Jacques Dicker (31 July 1879 - 17 November 1942) was a Russian-born Swiss socialist politician and lawyer.

==Biography==

Dicker was born into a wealthy Jewish family in Khotyn, Bessarabia, the son of Moïse Dicker and Eva Gorodisky. His father worked as an intendent to the Obolensky princes. Dicker took up law studies in Kiev and joined the Socialist-Revolutionary Party as a young man. He was jailed and imprisoned several times due to his political activism. He migrated to Geneva, Switzerland in 1906, fleeing the Czarist repression in the Russian Empire. Dicker
continued his law studies in Geneva, obtaining his degree in 1909, and was admitted to the bar in 1915. He would become a prominent penal lawyer.

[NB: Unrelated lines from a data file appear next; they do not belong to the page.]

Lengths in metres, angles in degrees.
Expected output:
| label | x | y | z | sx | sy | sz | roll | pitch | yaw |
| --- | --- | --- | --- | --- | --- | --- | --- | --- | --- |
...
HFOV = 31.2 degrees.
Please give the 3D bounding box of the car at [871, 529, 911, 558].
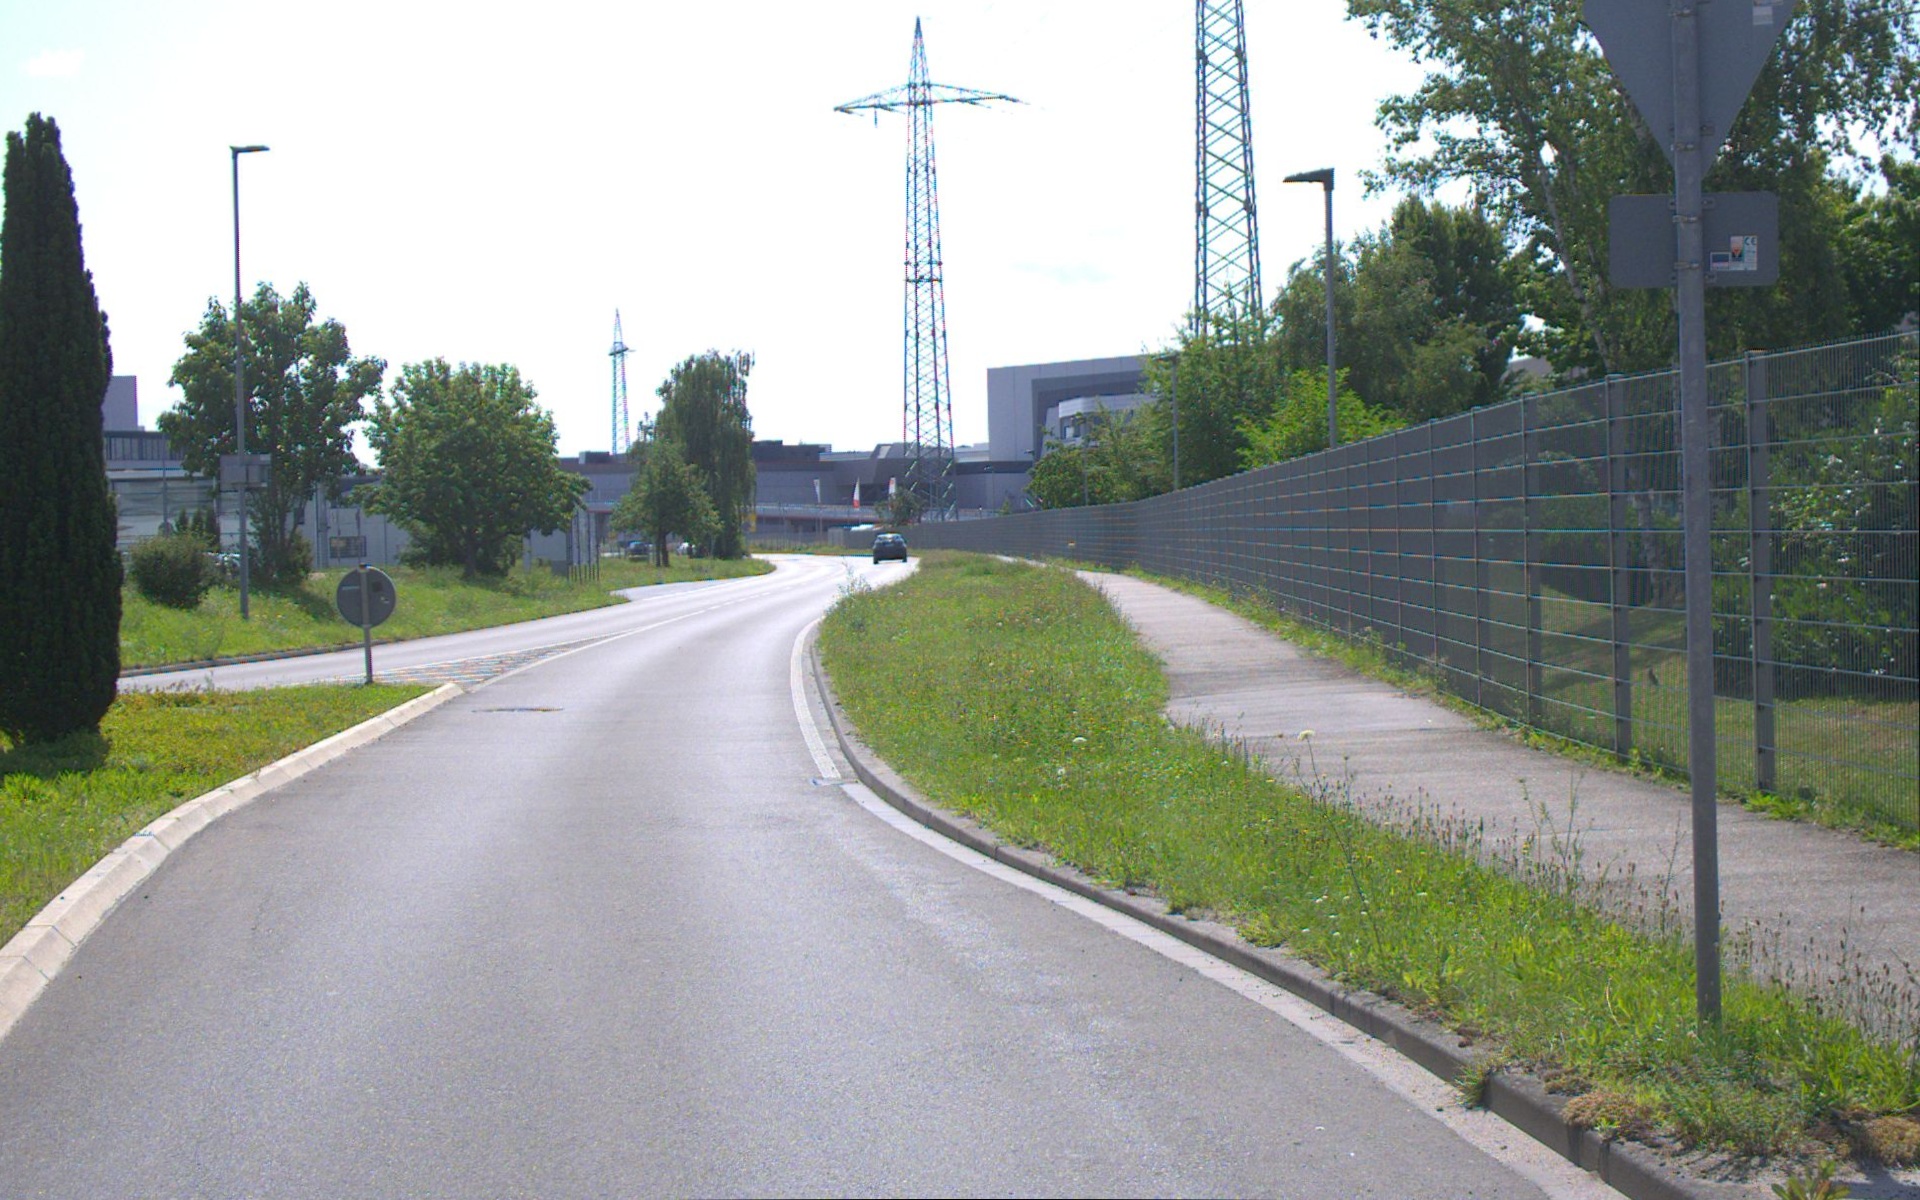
| label | x | y | z | sx | sy | sz | roll | pitch | yaw |
| --- | --- | --- | --- | --- | --- | --- | --- | --- | --- |
| car | -3.703 | -3.013 | 183.771 | 2.012 | 1.503 | 4.001 | -1 | 1 | -3 |

Dicker became a Swiss citizen in 1915. In Swiss politics, he emerged as a prominent leader of the Swiss Socialist Party in Geneva, of which he was a member since 1906. He collaborated with Léon Nicole at the newspaper Le Travail. Between 1922 and 1925, Dicker represented Geneva in the National Council. After serving in the municipal council of Plainpalais from 1924 and 1929, he returned to the National Council, and would remain a member of that legislature until 1941. Dicker was also a member of the Grand Council of Geneva
between 1930 and 1941.

Being a prominent Jewish political leader, Dicker was subjected to violent antisemitic attacks. On 9 November 1932, the far-right National Union convened a meeting in the municipal hall in Plainpalais, a meeting intended to function as a tribunal against Nicole and Dicker. A leftist countermanifestation was organized. Violence broke out between demonstrators and army, killing 13 people and injuring 65.

Dicker defended Nicole in a legal case in May 1933. He was one of four Socialist parliamentarians that sided with the far-left Swiss Socialist Federation when the Socialist Party went through a split in 1939. The Swiss Socialist Federation was banned on 27 May 1941 and Dicker and the other parliamentarians of the party were expelled from the National Council on 11–12 June 1941. He died in Geneva on 17 November 1942, aged 63.